● **Work instructions**
Scan the listing below for the word "given" and state how many lines hold it. Write nothing but the number.

● **Records to process**
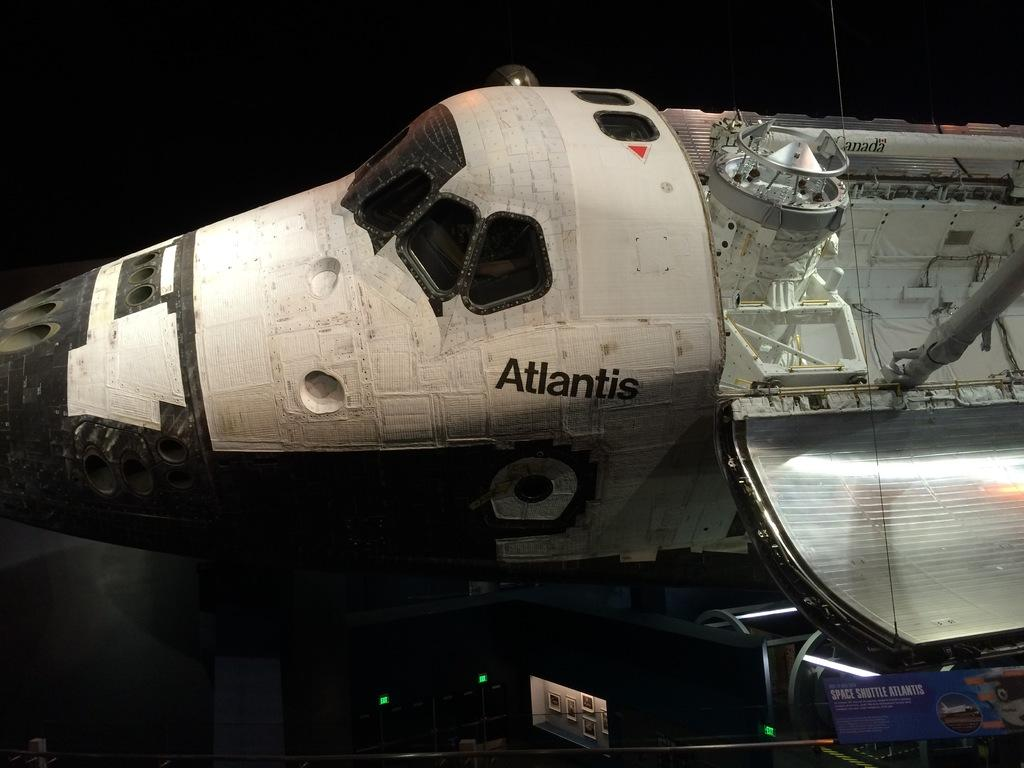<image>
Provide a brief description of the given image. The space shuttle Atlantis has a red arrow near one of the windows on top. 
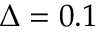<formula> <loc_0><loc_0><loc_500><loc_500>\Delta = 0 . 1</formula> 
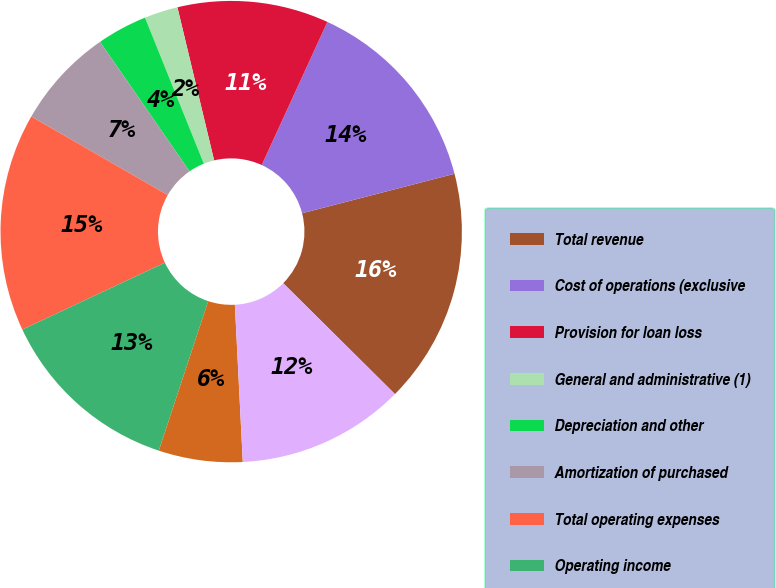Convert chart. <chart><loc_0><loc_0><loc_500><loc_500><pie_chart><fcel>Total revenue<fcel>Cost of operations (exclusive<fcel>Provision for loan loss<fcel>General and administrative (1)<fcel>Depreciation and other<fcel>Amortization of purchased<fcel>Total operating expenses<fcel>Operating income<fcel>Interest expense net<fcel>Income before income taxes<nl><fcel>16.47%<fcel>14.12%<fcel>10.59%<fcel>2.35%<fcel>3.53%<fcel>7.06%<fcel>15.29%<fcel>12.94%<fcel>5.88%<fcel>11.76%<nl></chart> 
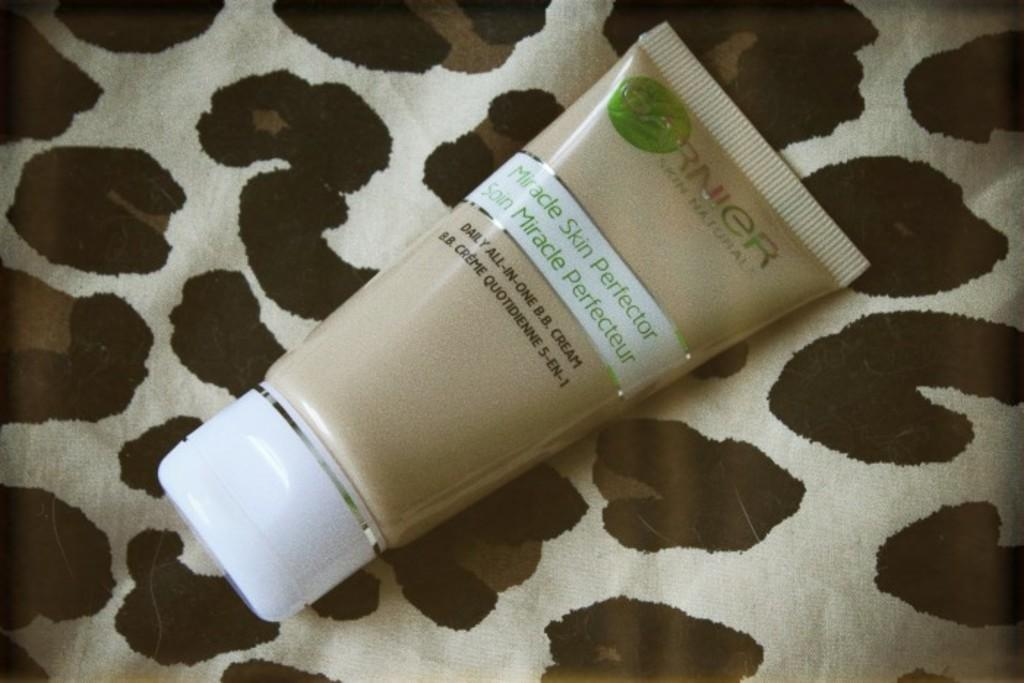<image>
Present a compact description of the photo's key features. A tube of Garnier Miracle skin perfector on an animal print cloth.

...

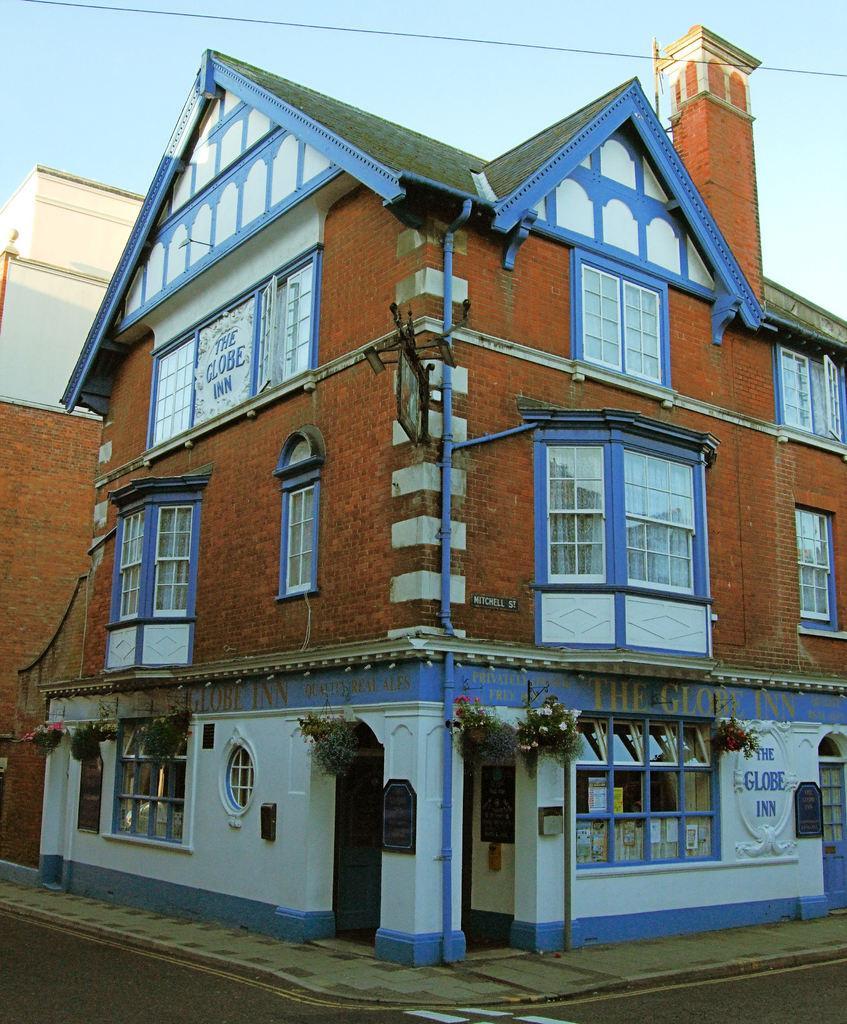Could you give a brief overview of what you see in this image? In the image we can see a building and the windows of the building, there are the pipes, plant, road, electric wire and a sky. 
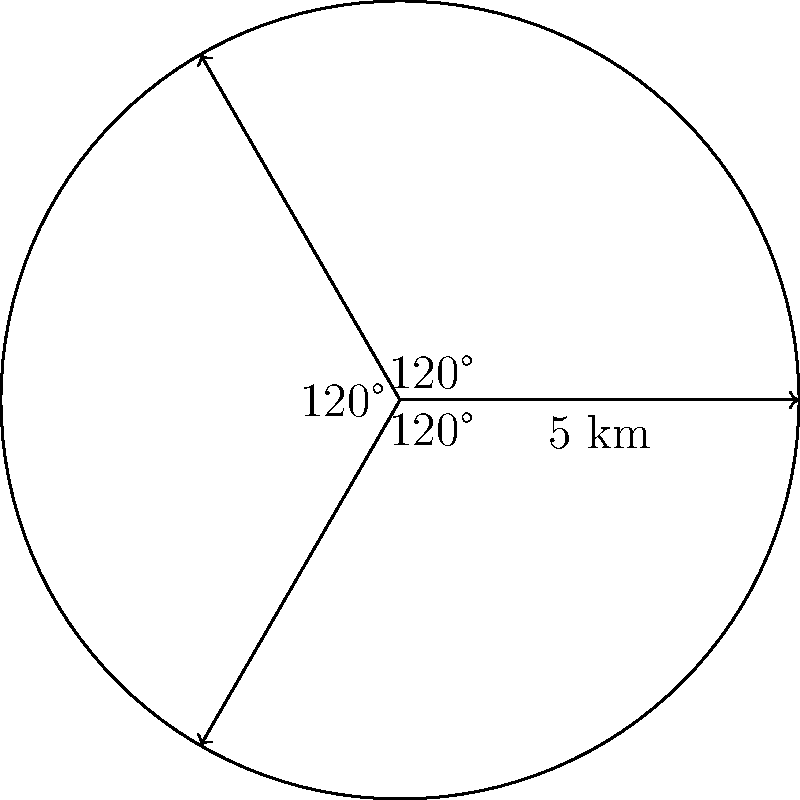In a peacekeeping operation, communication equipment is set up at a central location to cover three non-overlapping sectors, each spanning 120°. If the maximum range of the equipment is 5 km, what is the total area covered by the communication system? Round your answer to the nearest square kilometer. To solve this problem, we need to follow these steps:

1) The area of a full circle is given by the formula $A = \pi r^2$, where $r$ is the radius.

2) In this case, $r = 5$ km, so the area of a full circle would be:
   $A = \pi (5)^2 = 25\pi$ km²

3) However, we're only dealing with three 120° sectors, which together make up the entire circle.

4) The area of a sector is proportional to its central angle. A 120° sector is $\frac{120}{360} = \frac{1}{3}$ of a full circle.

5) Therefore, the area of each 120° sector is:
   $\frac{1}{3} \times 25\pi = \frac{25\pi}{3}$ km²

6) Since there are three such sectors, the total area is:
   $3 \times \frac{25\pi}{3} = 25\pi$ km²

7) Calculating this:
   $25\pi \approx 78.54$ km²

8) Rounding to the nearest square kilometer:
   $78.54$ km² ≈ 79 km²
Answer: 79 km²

● **Response**
2